Nonprofits like the Seva Foundation, the Brower Center, the East Bay Community Law Center (EBCLC) and the Hesperian Foundation, a nonprofit publisher of community-oriented medical books, including the internationally-known Where There Is No Doctor, rely on the strength of their message to cultivate donors, even in times of economic crisis. 

“I think people are still giving to Hesperian because of its mission,” Karen Susag, the organization’s fundraising director, told The Planet in November. “Healthcare is on everyone’s mind and global health is going to come to the forefront.” 

“The work we’re doing right now is so critical to the people we’re serving,” Steinbach said. The EBCLC provides legal services in the areas of housing, welfare, healthcare, homelessness and economic development. “We’re directly serving clients hit hardest by the economic conditions.” 

Steinbach said the donations made, even if small, have heartened the organization by showing community investment in itself.  

“There’s a need for collaborating and sharing resources now more than ever,” Tobin of the Brower Center said. The “green” building will allow many nonprofit organizations to lighten their footprints and ease their needs by sharing facilities.  

“We’ll be happy in the long term to have built an efficient building,” Tobin said. “We can be the model we hoped we can be.” She hopes other companies will see the building as an investment in the future, a way of saving money in the long-term. 

Wariness about the future is shaping nonprofits’ business structure, if not their missions or hopes. 

“All nonprofits should be doing contingency planning,” Steinbach said. The EBCLC has put an emphasis on saving money in good years and cultivating a diverse funding base. For the coming years, however, “everything is on the table.”  

The organization has restructured the health plan for its employees and tweaked their contracts to save money.  

“Far down on the contingency list are things that will impact programming,” Steinbach admitted: things like cutting back on full-time employees and staff or closing an office. 

Fortunately, those things are all measures of last resort, and the organization has only just started working on its contingency plans.
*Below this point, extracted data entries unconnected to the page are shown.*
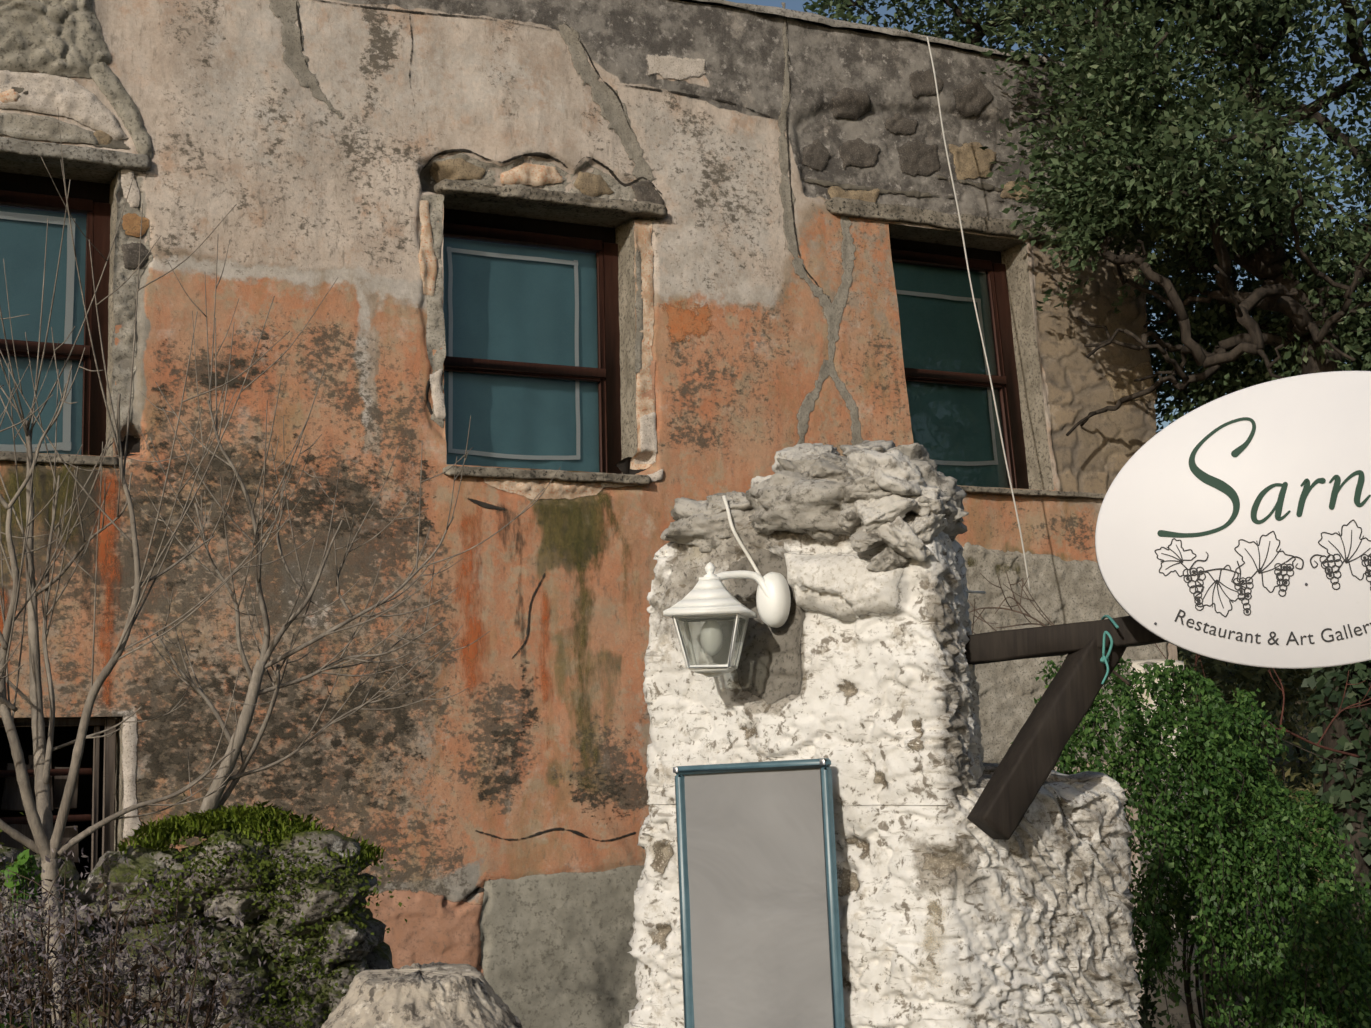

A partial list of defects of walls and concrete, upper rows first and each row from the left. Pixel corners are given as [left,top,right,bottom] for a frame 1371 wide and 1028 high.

spalling [831,88,872,120]
spalling [909,69,993,118]
spalling [802,112,1065,215]
crack [269,0,863,445]
water stain [187,326,268,399]
spalling [1105,362,1158,404]
water stain [121,383,436,599]
crack [512,573,545,659]
water stain [574,564,592,682]
water stain [472,584,541,802]
crack [475,827,636,842]
crack [465,879,491,902]
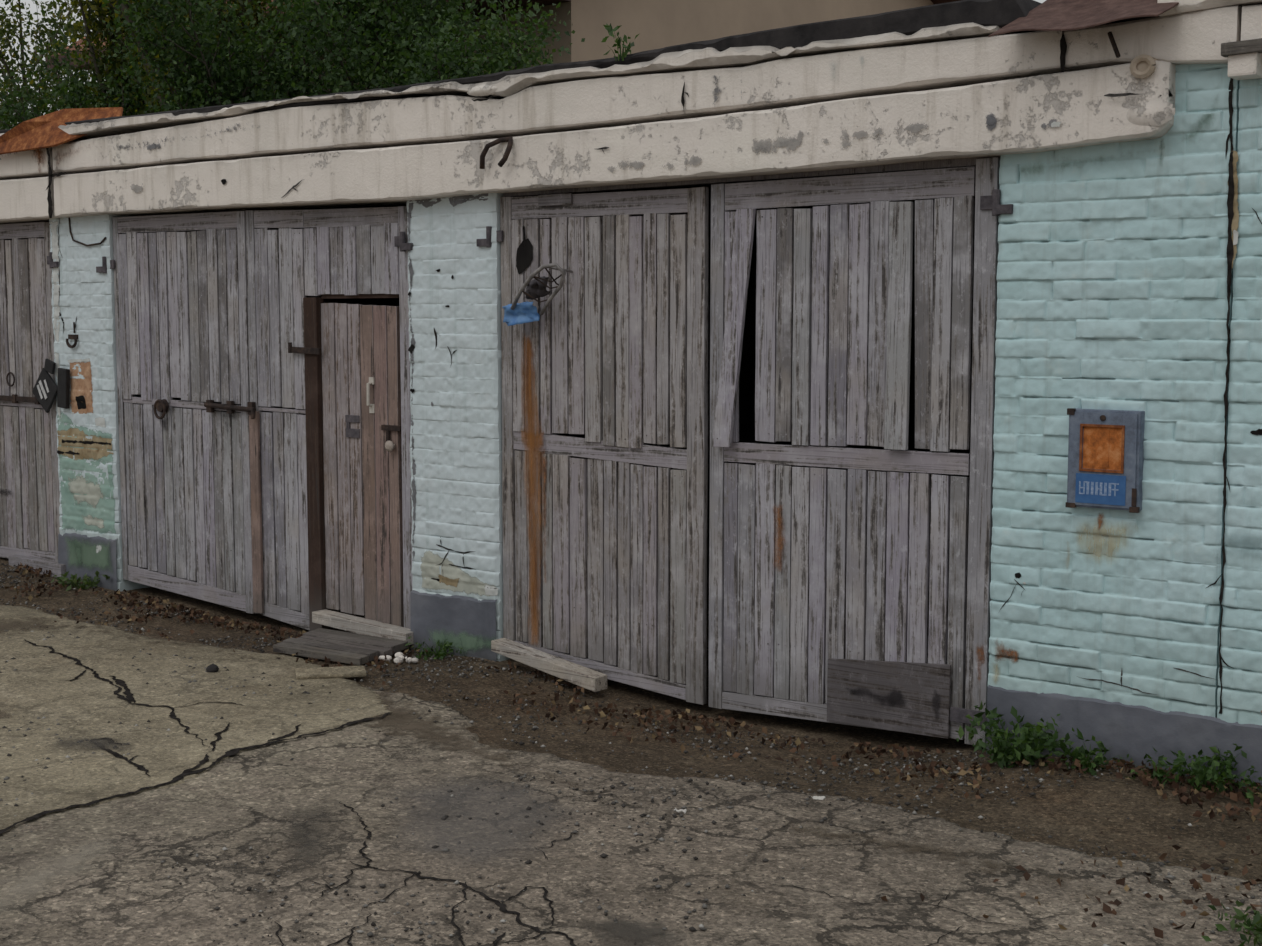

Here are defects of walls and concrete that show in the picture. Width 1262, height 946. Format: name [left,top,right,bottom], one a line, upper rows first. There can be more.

peeling [608,161,644,172]
peeling [664,155,702,170]
peeling [752,124,927,154]
peeling [407,193,498,596]
crack [1175,78,1262,714]
peeling [57,358,116,553]
rust [522,337,546,634]
crack [1079,670,1156,695]
crack [0,639,390,834]
crack [274,919,284,946]
crack [347,872,416,946]
crack [450,848,555,946]

For now, the organization will continue doing the work it has always done but in a more amplified and urgent manner to help those most in need. 

The Hesperian Foundation, which recently received a three-year, $2.7 million grant from the Bill and Melinda Gates Foundation, intended to help the organization expand and update Where There Is No Doctor, has likewise initiated an 18-month strategic planning process to help it weather the rough times ahead.  
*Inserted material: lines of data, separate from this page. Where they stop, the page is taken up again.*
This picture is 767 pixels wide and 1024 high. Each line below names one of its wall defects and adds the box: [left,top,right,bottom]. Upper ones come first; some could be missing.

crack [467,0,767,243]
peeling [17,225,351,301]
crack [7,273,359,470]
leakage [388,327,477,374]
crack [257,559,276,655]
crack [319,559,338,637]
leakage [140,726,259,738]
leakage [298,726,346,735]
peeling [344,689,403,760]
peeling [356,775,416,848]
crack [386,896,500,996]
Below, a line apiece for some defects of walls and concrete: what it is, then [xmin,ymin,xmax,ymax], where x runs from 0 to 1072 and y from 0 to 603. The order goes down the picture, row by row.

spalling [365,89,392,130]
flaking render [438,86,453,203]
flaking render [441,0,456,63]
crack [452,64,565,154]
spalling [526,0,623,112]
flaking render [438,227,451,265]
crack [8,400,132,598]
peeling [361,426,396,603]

The Seva Foundation is looking at similar cost-cutting options to help it operate more efficiently. 

“We’re going to have to get more creative,” Woodland said. The Seva Foundation recently celebrated its 30th anniversary and counts its long history and national donor base as points in its favor.  

Nevertheless, “It’s going to be a challenge,” said Woodland. 

The Brower Center faces a launch in the middle of an economic crisis. 

“We’ve always been fairly lean and entrepreneurial, and we’re going to have to get even more so,” Tobin said.  

Because of the economic downturn, the Brower Center is looking at ways to operate more frugally and with a minimal staff. Although the building’s expenditures are fairly constant, they face recruiting potential tenants who are leery of incurring more overhead costs. The center’s spring campaign will focus on convincing organizations that the investment in efficient infrastructure will reward them in the future. 

The new year offers a fresh chance for the organizations to promote their goals and for the community to put money back into itself. 

“It’s a fine line between despair and hope every day,” Steinbach said. “I know that some agencies will survive, some will close their doors, and some will find unexpected opportunities.”